ROBERTSON, Gertrude Muriel Norton
The life of Gertrude Muriel Norton Robertson encapsulates in many ways the development of Victoria as colony and state, and its ongoing links with the British Empire. Early colonial Melbourne, medical practice in the colony, its involvement in the Boer War, and pioneering veterinary research in the interwar period were all part of her family's life.
Muriel (her preferred name) was born in 1883, to Robert Robertson (1843-1910) and his wife Joanna Kate nee Norton (1849-1903). She was the younger of twins. Twins Gwendoline Maud and she were the seventh and eighth children in their family of three sons and six daughters.

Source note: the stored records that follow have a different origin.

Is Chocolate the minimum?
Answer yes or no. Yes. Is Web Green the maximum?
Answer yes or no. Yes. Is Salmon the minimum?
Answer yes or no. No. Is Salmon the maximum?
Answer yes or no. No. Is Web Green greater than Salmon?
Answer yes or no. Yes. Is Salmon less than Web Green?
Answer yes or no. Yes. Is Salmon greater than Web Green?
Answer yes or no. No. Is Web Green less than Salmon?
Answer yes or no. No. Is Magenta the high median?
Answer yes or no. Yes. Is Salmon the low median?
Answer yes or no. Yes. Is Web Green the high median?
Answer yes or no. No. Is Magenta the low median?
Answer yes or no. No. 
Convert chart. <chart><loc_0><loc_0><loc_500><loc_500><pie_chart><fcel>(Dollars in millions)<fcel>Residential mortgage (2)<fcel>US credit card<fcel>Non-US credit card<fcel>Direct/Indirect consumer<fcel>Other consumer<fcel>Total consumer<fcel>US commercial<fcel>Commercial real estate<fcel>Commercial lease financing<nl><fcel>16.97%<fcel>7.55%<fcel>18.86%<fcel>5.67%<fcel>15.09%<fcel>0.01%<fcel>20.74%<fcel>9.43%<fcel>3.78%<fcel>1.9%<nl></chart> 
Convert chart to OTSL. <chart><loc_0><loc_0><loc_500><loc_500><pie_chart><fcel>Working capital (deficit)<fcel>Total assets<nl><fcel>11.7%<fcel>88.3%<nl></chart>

Somerset-born Robert was a doctor, a member of the Royal College of Surgeons in England since 1868. (His name in the Melbourne press never lacked 'MRCS England'). He arrived in Victoria in 1869 aged 26 and established himself as a medical practitioner and surgeon. He was resident surgeon at the Melbourne Hospital before setting up in private practice in St Kilda in 1871, with honorary appointments at the Alfred Hospital (Argus, 30.1.1871, 17.2.1871; Telegraph, St Kilda, Prahran and South Yarra Guardian, 10.5.1873; see also http://brightoncemetery.com/historic interments/medicine/robertsonr for his resignation in controversial circumstances in 1877).

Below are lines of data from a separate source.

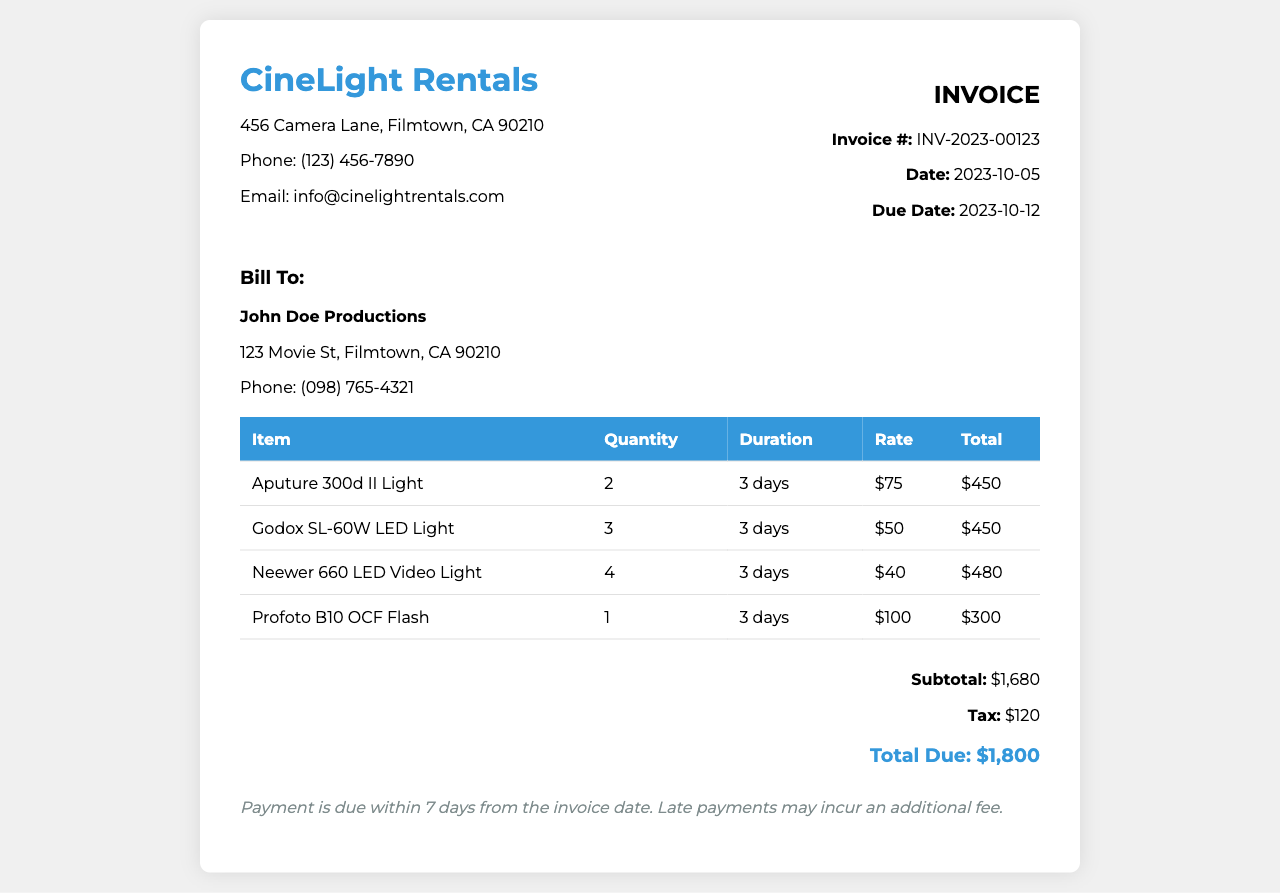What is the invoice number? The invoice number is clearly stated in the invoice information section.
Answer: INV-2023-00123 What is the due date for payment? The due date is listed under the invoice information section.
Answer: 2023-10-12 How many Aputure 300d II Lights were rented? The quantity rented is specified in the itemized list of lights.
Answer: 2 What is the total amount due? The total amount due can be found in the summary section of the invoice.
Answer: $1,800 What is the tax amount? The tax amount is listed in the summary section of the invoice.
Answer: $120 How long was the lighting equipment rented for? The duration for all items is mentioned consistently in the itemized section.
Answer: 3 days What is the rate for the Godox SL-60W LED Light? The rate is specified in the itemized list for the specific light.
Answer: $50 How many types of lights are listed in the invoice? The number of different lights can be counted from the itemized list provided.
Answer: 4 Who is the invoice billed to? The information about the recipient of the invoice is provided in the client info section.
Answer: John Doe Productions 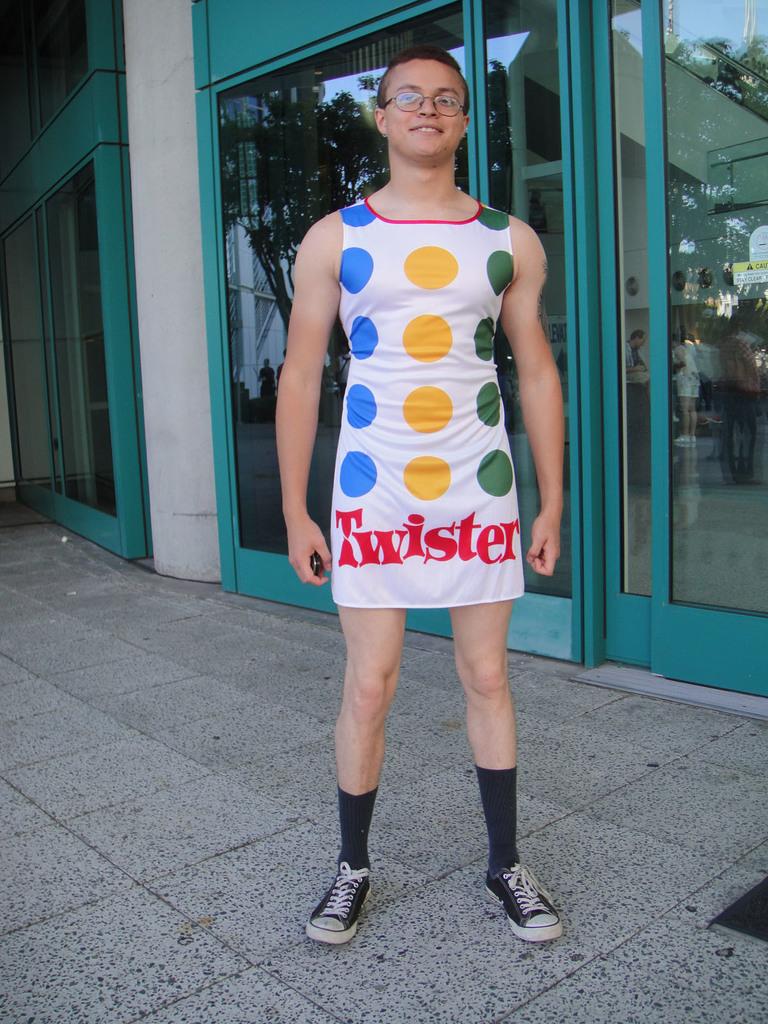What is the game listed on the man's dress?
Ensure brevity in your answer.  Twister.

In 1871, Robert married Joanna Kate Norton in St Peter's Church Eastern Hall. Notice of the marriage ('by banns') apppeared in several papers. Joanna was the only daughter of Charles Norton Esq, who has been described as a 'colonial era Victorian sketcher, cartoonist, amateur photographer (?), architect, squatter and civial servant' (www.daao.org.au/bio/charles-norton/biography). Her mother, Susan Meade, had been governess to the colony's superintendent Charles La Trobe. Joanna had been born in near Geelong in a hut, the subject of one of her father's pictures. Joanna herself as a 17 year old had entered drawings in the Melbourne Intercolonial Exhibition of 1866 (www.daao.org.au/bio/joanna-kate-norton/biography). While Charles died years before Muriel was born, she may well have known her mother's work in annotating some of his drawings.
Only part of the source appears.